• Available records
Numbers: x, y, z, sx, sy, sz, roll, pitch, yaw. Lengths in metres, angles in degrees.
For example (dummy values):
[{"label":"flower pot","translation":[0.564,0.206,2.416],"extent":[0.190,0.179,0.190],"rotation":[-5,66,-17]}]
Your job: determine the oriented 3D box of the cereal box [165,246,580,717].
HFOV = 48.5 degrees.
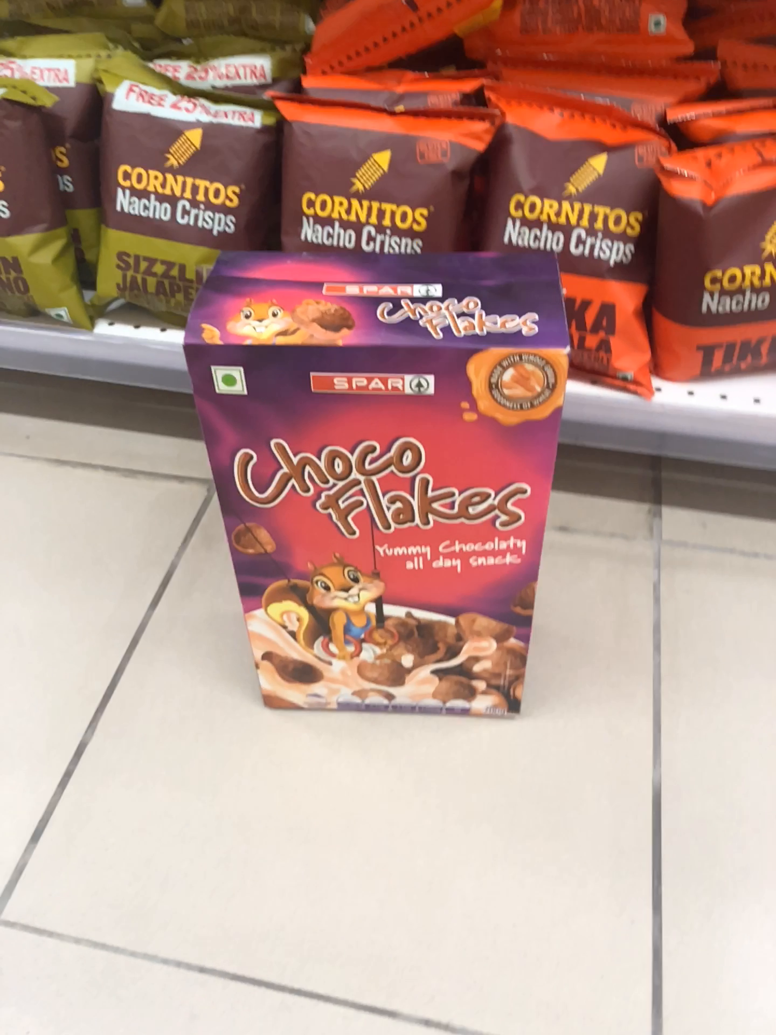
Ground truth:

• Task details
If a line in the records has the word "degrees", copy that line.

• Result
Numbers: x, y, z, sx, sy, sz, roll, pitch, yaw. Lengths in metres, angles in degrees.
HFOV = 48.5 degrees.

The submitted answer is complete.